復讐を恐れた世祖
1457年、自分に反抗する者が次々と現れる原因を「端宗が生きているからだ」と思った世祖は、甥の端宗を流罪にしたうえで死罪に処した。弟の死の知らせを受けた敬恵王女の悲しみはあまりにも深かった。
しかし、敬恵王女のお腹には新しい命が宿っていたため、ずっと悲しんでいるわけにはいかなかった。彼女は「どんな辛い出来事が起きようとも、生き延びなければいけない」と思った。

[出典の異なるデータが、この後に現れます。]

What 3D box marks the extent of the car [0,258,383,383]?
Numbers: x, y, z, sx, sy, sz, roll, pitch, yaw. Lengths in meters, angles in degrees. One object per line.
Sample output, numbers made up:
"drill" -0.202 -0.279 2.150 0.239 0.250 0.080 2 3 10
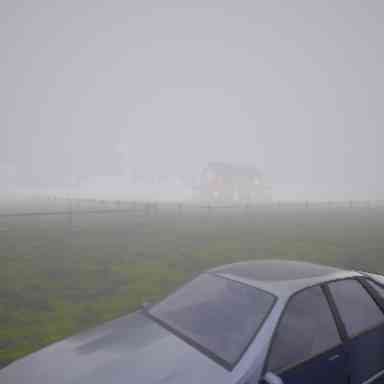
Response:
"car" 0.845 1.548 3.673 5.357 1.411 2.033 0 0 -35

敬恵王女の妊娠を警戒していた世祖は、復讐を恐れてこんな命令を出した。
「もし生まれてきた子供が男の子だったらすぐに殺せ」
それを知った正室の貞熹(チョンヒ)王后は、文宗の血筋を途絶えさせたくないという思いから、内官(ネグァン/王や王妃の身の回りの世話をする官吏のこと)を呼んで、「男の子が産まれたら私のところへ連れてきなさい」と違う命令を出した。

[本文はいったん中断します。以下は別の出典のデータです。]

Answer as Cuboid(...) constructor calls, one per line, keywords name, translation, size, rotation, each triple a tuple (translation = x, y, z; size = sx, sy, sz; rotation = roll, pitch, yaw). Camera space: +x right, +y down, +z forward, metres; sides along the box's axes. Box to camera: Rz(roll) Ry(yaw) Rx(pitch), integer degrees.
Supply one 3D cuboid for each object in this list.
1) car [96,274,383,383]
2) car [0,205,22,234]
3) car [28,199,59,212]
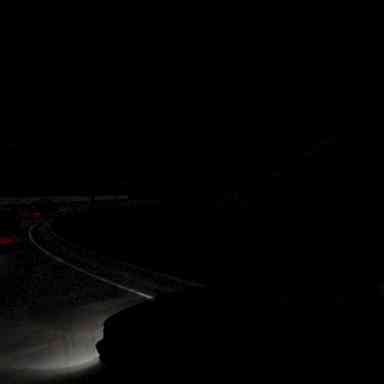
Cuboid(name="car", translation=(1.437, 1.563, 3.063), size=(5.357, 1.411, 2.033), rotation=(0, 0, 38))
Cuboid(name="car", translation=(-10.789, 1.456, 18.822), size=(1.882, 1.535, 5.008), rotation=(0, 0, -25))
Cuboid(name="car", translation=(-17.509, 1.507, 39.334), size=(1.812, 1.442, 4.674), rotation=(0, 0, 3))

敬恵王女が産んだ子供は男の子だった。彼女は世祖が「男なら殺せ」、貞熹王后が「男なら私のもとへ連れてきてほしい」と言っていたと内官から伝えられた。本当なら自分の手で育てたかったはずだが、敬恵王女は「我が子の命を守らなければならない」と思い、息子を貞熹王后に預けた。

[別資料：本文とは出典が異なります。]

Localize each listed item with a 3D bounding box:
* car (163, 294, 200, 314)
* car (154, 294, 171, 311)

そんな辛い経験をした敬恵王女をさらなる悲劇が襲う。外部との接触を禁じられていた夫の鄭悰が、世祖に対抗する勢力と接触していたことが明らかになり、一番残酷な方法で処刑されてしまった。それは、頭、胴体、手足を切断する方法で、陵遲處斬(ヌンチチョチャム)の刑と呼ばれている。
その処刑法で死罪になった男の妻は奴婢になる決まりがあり、敬恵王女は身分を最下層の奴婢にまで落とされてしまう。
「恥をさらすくらいなら」と自決することを考えた敬恵王女だが、彼女は再びお腹に子供を宿していて、その子を守るために生きる道を選ばざるを得なかった。
敬恵王女は奴婢になっても決して自尊心を失わず、こき使われたときは「私は王の娘である」と言い放ったのである。そして、やがて彼女は娘を産んだ。(ページ4に続く)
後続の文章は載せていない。